Table name rules for ODPS, EMR, and HOLO:
-
Length: 0–100 characters. All character types are supported. Leave blank to scan all tables.
-
Wildcard
.*is supported. For example,.*namematches table names ending inname, andprivate.*matches names starting withprivate. -
Use commas (,) to separate multiple table names or field names.
Correct detection results
Manual corrections are displayed and take effect the next day. To prevent future scans from overwriting your corrections, select not to overwrite manually corrected results when configuring scheduled or one-time tasks.
Manual correction is supported for fields in ODPS, EMR, CDH_HIVE, and HOLO engines only.
Filtering results (area ① and area ②) changes only your view of the list. To actually change a field's classification, use the correction actions in area ③ or the Batch Correct button in area ④.

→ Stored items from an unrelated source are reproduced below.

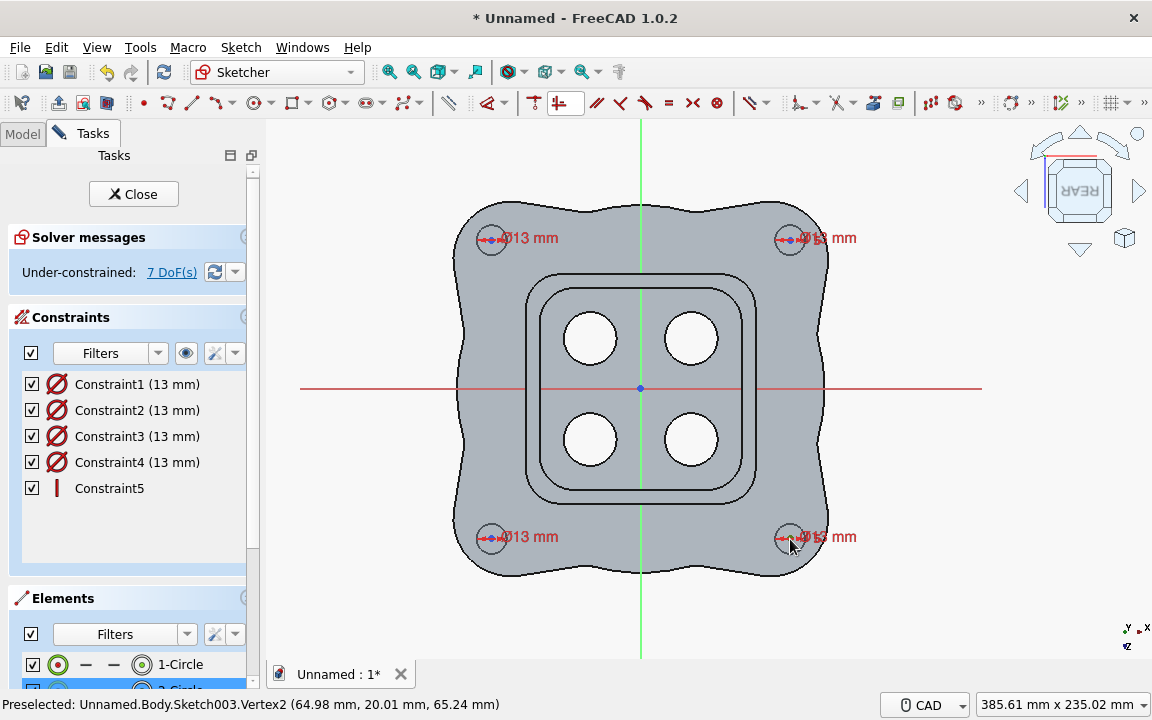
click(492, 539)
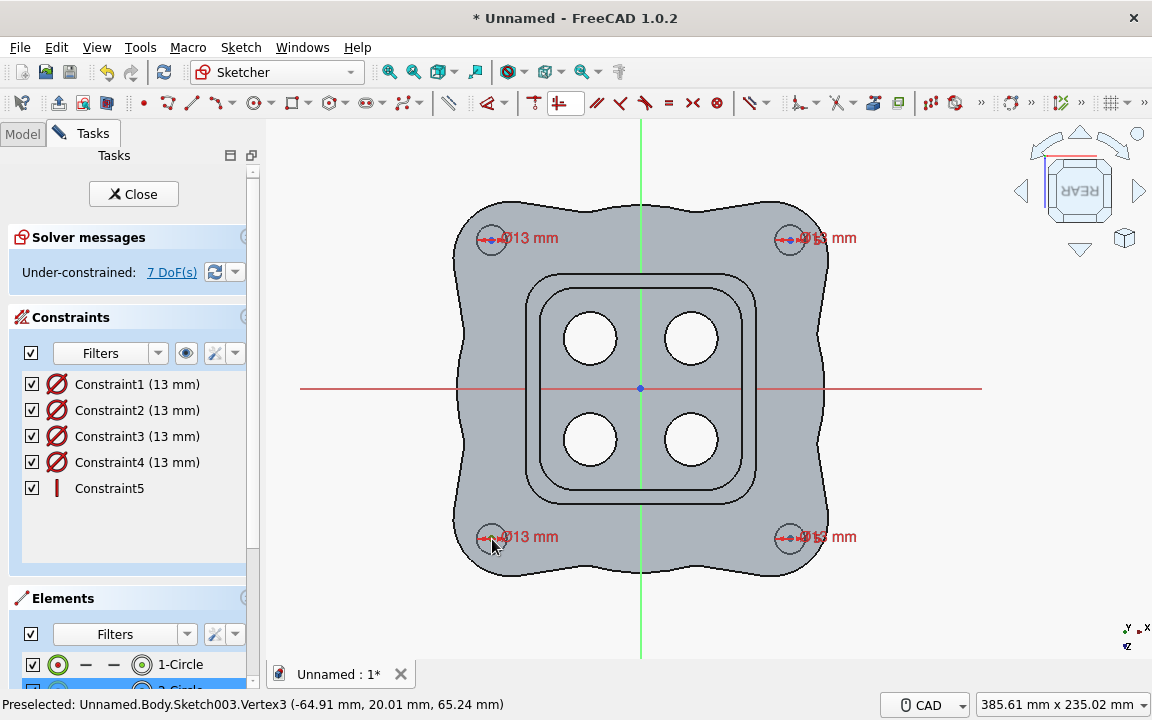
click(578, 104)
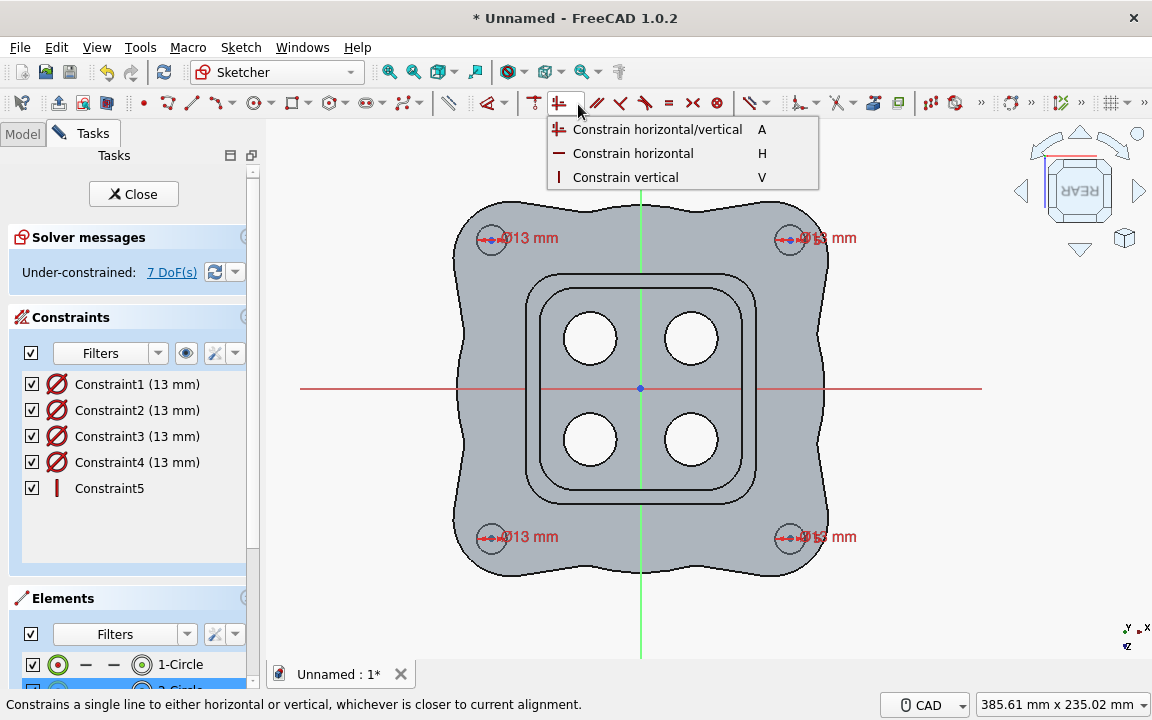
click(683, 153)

Navigate to detection results
-
On the sensitive data detection rule page, click the Detection Results tab.
-
Use the filters in area ① and area ② to locate the fields to correct. The results list (area ③) displays the following fields by default: Project, Table Name, Field Name, Classification, Categorization, Sensitive Field Type, Manually Corrected, and Last Updated. Click Displayed Fields Settings to customize the columns.
-
Area ①: Select a DPI engine from the drop-down list to filter results by engine type.
-
Area ②: Filter by Project, Table Name, or Field Name. Click Expand for additional filters: Classification, Categorization, and Sensitive Field Type.

-
Correct a single field
-
In the results list, find the field with an incorrect Sensitive Field Type.
-
Click the drop-down arrow in the Sensitive Field Type column. The list shows all published sensitive field types from the default classification and categorization template for the current tenant.
-
Choose one of the following actions:
-
If an existing sensitive field type fits: Select it. Then click the icon on the right to go to the Data Detection Rule page and update the detection rules for both the original and the new sensitive field types. This improves detection accuracy for future scans.
-
If no existing type fits: Click the icon on the right to go to the Data Detection Rule page, or scroll to the bottom of the drop-down list and click Manage Sensitive Field Types. You are redirected to the Data Detection Rule page, and the Create Sensitive Field Type dialog box appears. Add a new sensitive field type and configure its detection rules. For more information, see Configure data detection rules and execute detection tasks.
-
Batch correct fields
-
In the results list, select the fields to correct.
-
Click Batch Correct (area ④). The Batch Correct Recognition Results dialog box appears.
-
In the Sensitive Field Type drop-down list, select the correct type. The list shows all published sensitive field types from the default classification and categorization template for the current tenant.
-
Click Save.
Export detection results
To download the results that match the current filter criteria, click the
icon (Export Detection Results).
Each export includes up to 100,000 data entries.
Next steps
After correcting misidentified fields, consider these follow-up actions:
-
Improve future detection accuracy: Update detection rules for the corrected field types so future scans classify them correctly. See Configure data detection rules and execute detection tasks.
-
Refine your classification taxonomy: If you created new sensitive field types during correction, review your classification and categorization structure. See Configure sensitive data classification and categorization.